Don't public subsidies mainly support those elitist forms of the arts which are hated, or at best ridiculed by the very public whose money pays for them?

Aren't I like most people in that the books I read, the films I see, the music I listen to, were all produced commercially by artisans rather than artists, and I wouldn't cross the road to see subsidised art?

If I am, how am I wrong? How are we wrong?

J. Hamlyn said...

As ever Sean, you’re not entirely wrong but you do make it all seem very black and white when in fact it’s polychromatic (as opposed to grey). Sure subsidies do support a lot of abject crap but they also support grassroots initiatives and individuals at the start of their careers as well as the occasional popular and/or edifying things. David Shrigley, who made the animation you so love to hate has become an extremely popular artist amongst a wide spectrum of classes and age groups. Like those artists you mention he often worked for free (very often still does) and probably would make work it if it were illegal too.

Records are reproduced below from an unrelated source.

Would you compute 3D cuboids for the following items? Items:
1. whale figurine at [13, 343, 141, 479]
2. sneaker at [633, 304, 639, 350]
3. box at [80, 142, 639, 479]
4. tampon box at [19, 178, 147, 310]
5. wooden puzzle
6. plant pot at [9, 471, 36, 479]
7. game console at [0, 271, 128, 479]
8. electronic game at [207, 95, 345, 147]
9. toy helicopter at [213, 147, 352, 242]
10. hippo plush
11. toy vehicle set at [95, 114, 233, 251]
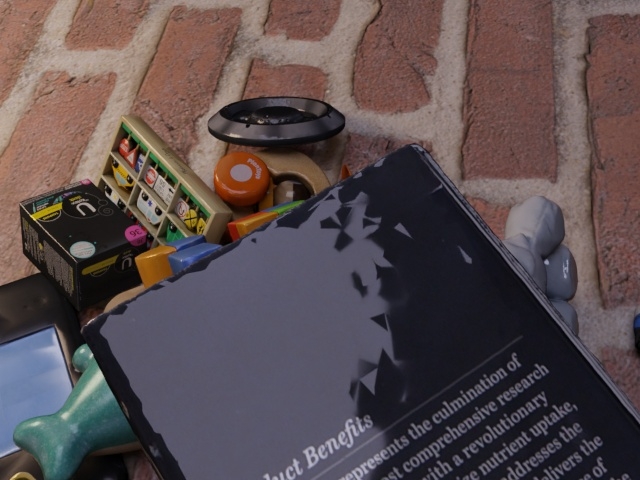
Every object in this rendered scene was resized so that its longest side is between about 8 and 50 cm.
[{"bbox_3d":[-0.250,0.192,0.997,0.272,0.141,0.216,-28,55,-36],"label":"whale figurine"},{"bbox_3d":[0.502,0.136,1.050,0.152,0.058,0.084,9,50,16],"label":"sneaker"},{"bbox_3d":[0.068,0.262,0.680,0.297,0.480,0.471,-29,71,-17],"label":"box"},{"bbox_3d":[-0.358,0.004,1.177,0.161,0.101,0.120,38,45,27],"label":"tampon box"},{"bbox_3d":[-0.093,0.019,0.915,0.348,0.322,0.080,-25,100,-17],"label":"wooden puzzle"},{"bbox_3d":[-0.302,0.421,0.837,0.212,0.187,0.212,31,63,25],"label":"plant pot"},{"bbox_3d":[-0.477,0.239,1.064,0.342,0.060,0.386,-23,56,-11],"label":"game console"},{"bbox_3d":[-0.073,-0.197,1.299,0.229,0.048,0.229,-1,25,0],"label":"electronic game"},{"bbox_3d":[0.000,0.000,1.177,0.235,0.140,0.355,-24,66,-22],"label":"toy helicopter"},{"bbox_3d":[0.198,0.082,1.048,0.237,0.234,0.294,-7,13,33],"label":"hippo plush"},{"bbox_3d":[-0.252,-0.054,1.197,0.035,0.166,0.267,-5,41,-49],"label":"toy vehicle set"}]
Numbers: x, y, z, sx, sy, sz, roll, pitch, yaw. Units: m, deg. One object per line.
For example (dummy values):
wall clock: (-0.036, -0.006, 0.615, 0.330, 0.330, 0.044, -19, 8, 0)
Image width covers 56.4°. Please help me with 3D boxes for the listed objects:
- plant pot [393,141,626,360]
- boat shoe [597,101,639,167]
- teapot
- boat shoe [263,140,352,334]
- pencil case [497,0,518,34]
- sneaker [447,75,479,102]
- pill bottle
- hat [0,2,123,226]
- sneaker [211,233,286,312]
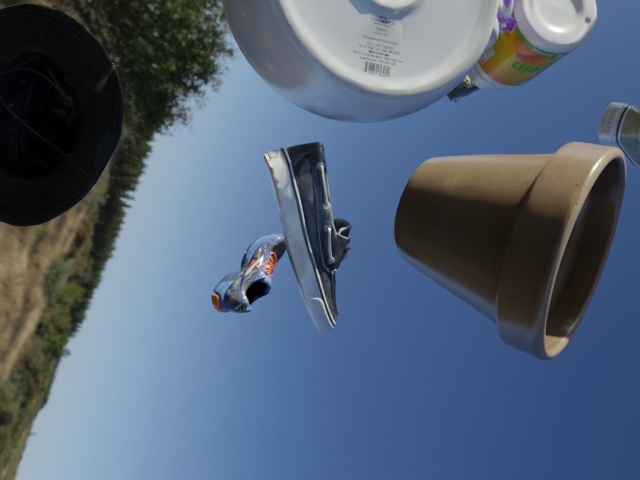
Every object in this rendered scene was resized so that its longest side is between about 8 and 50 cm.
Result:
plant pot: (0.227, -0.014, 0.763, 0.229, 0.263, 0.263, 22, -92, 34)
boat shoe: (0.598, -0.182, 1.089, 0.094, 0.302, 0.109, 28, -70, 39)
teapot: (0.022, -0.220, 0.536, 0.252, 0.256, 0.187, -42, -161, -14)
boat shoe: (0.000, 0.000, 0.893, 0.108, 0.102, 0.301, -123, -162, -69)
pencil case: (0.176, -0.323, 0.852, 0.086, 0.206, 0.088, 108, -31, -62)
sneaker: (0.291, -0.330, 1.214, 0.086, 0.064, 0.192, -31, 178, 21)
pill bottle: (0.348, -0.349, 1.040, 0.246, 0.136, 0.136, 149, -38, -79)
hat: (-0.439, -0.191, 0.949, 0.331, 0.331, 0.134, -63, 176, 9)
sneaker: (-0.129, 0.075, 1.256, 0.087, 0.083, 0.221, 16, -126, 30)
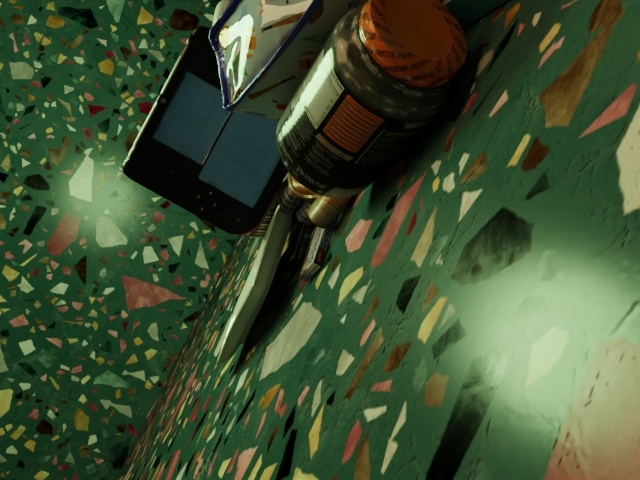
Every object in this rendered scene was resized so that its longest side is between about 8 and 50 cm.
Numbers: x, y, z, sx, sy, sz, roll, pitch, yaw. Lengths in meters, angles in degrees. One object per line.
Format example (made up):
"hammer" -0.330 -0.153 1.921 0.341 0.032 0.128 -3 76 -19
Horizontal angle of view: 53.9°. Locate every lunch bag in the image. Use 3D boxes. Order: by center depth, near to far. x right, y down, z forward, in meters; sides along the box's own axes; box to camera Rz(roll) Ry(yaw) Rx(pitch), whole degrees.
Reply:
"lunch bag" 0.028 -0.404 1.178 0.385 0.327 0.239 -35 63 44

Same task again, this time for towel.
"towel" 0.008 -0.210 1.495 0.235 0.121 0.284 -51 16 42

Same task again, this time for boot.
"boot" 0.019 -0.131 1.292 0.152 0.073 0.197 -49 43 16

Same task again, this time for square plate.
"square plate" -0.151 0.091 1.547 0.344 0.049 0.347 118 172 -45

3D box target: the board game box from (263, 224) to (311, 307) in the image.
"board game box" -0.082 0.062 1.508 0.186 0.026 0.126 -54 14 40

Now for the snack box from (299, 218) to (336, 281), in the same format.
"snack box" 0.000 0.000 1.289 0.064 0.022 0.178 -48 17 46

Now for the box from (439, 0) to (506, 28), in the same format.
"box" 0.261 -0.408 0.961 0.101 0.060 0.244 -62 11 -1

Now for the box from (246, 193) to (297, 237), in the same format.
"box" -0.144 -0.135 1.714 0.167 0.168 0.203 -1 -51 -55

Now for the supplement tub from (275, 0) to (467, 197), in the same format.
"supplement tub" 0.074 -0.230 1.020 0.338 0.207 0.207 -45 20 55

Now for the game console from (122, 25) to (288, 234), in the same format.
"game console" -0.222 -0.242 1.441 0.387 0.341 0.060 -61 8 4

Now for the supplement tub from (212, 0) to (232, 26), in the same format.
"supplement tub" -0.105 -0.461 1.563 0.228 0.315 0.229 -173 90 -86
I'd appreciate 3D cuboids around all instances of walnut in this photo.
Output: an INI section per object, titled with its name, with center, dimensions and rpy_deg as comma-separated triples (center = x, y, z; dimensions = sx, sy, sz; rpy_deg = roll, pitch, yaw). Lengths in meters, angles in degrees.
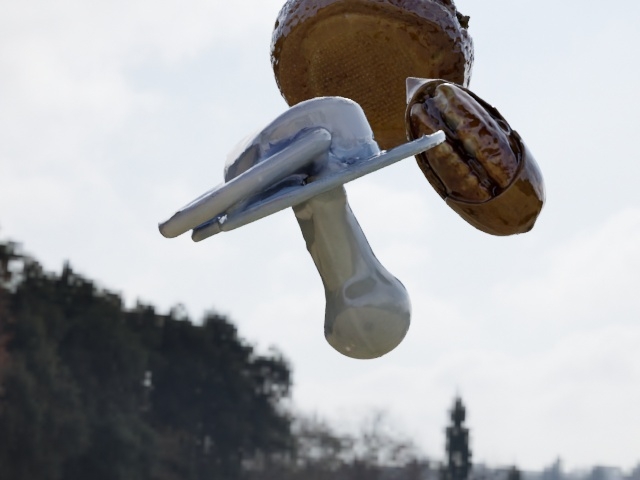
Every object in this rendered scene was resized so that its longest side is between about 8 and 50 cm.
[walnut]
center = 0.155, -0.092, 1.433
dimensions = 0.116, 0.207, 0.116
rpy_deg = -35, -11, -8

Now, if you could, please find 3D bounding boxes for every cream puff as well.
[cream puff]
center = 0.077, -0.275, 1.974
dimensions = 0.303, 0.212, 0.303
rpy_deg = 8, -51, 10

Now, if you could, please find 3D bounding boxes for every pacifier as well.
[pacifier]
center = 0.000, 0.000, 1.162
dimensions = 0.238, 0.225, 0.287
rpy_deg = -26, 1, -20
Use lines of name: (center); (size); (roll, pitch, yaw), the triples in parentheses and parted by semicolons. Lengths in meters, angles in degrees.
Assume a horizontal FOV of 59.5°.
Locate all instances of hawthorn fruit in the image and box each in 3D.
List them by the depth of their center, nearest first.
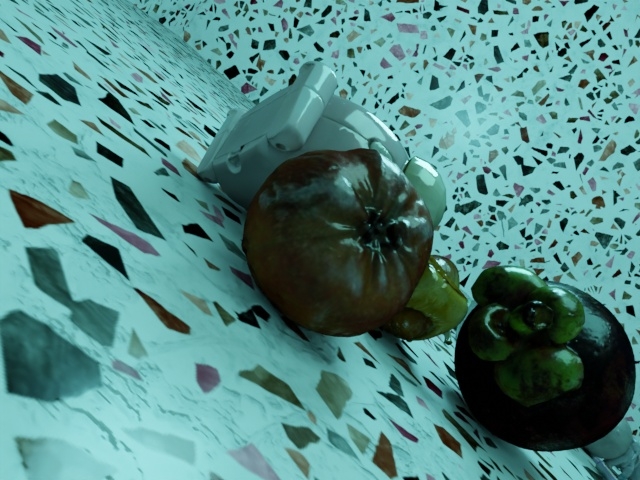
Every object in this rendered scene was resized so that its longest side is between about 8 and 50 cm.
hawthorn fruit: (0.000, 0.000, 0.720); (0.242, 0.242, 0.272); (37, -21, -23)

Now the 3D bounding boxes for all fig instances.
fig: (0.277, 0.151, 1.420); (0.143, 0.230, 0.160); (-4, -21, 33)

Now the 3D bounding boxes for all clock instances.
clock: (0.005, -0.099, 0.928); (0.326, 0.184, 0.342); (34, -20, -29)

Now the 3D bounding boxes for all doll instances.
doll: (0.866, 0.603, 1.611); (0.287, 0.151, 0.151); (43, 9, -12)

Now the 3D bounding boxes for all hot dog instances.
hot dog: (0.147, 0.088, 1.004); (0.150, 0.153, 0.256); (42, 11, -22)

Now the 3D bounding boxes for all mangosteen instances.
mangosteen: (0.365, 0.199, 0.936); (0.311, 0.311, 0.311); (40, 9, -8)

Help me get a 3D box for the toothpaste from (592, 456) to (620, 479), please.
toothpaste: (0.744, 0.615, 1.394); (0.045, 0.028, 0.170); (20, 24, -38)

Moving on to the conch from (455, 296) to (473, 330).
conch: (0.427, 0.220, 1.712); (0.153, 0.102, 0.135); (43, -5, 14)

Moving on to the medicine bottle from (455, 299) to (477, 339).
medicine bottle: (0.561, 0.307, 1.497); (0.395, 0.242, 0.242); (28, 9, 3)

I’m not sure how much he’s received in terms of subsidy during his career (probably not a great deal) but he certainly worked in subsidised spaces and institutions in his early career in order to put food on the table when nobody gave a shit about who he was or what he did.

Many people in the UK do like to moan about stuff, that does seem to be an ingrained part of our culture (not something I’m proud of though), but on the other hand Tate Modern is one of Britain’s most popular visitor attractions surpassed only by Blackpool pleasure beach. Do they really hate stuff though or what they believe it represents ie: “elitism” as you say? I wouldn’t expect to easily understand the products of any specialist practitioner in any field so why is it that people feel that art should be instantly accessible? Some is, some isn’t. Some that isn’t is just obscure nonsense and some is difficult to adjust to but does that make it elitist? Like most good things you have to work at it and if you can’t be bothered then don’t expect miracles or to have your prejudices contradicted.

One of the students I was working with last year said to me “I want to make work that folk understand”. I asked him to elaborate a little to which he said “I’d like to make work my mum or gran could understand. When I took them to the Art Gallery the other day I had to keep explaining things to them. I don’t want my art to be like that.” Unfortunately I didn’t have a ready response so I fumbled my way to a reply but I wish I’d asked “Do your mum and gran like the music you listen to?”

J. Hamlyn said...

In his short essay, "Tradition and the Individual Talent" T. S. Eliot writes of poets and artists:
"He must be quite aware of the obvious fact that art never improves, but that the material of art is never quite the same."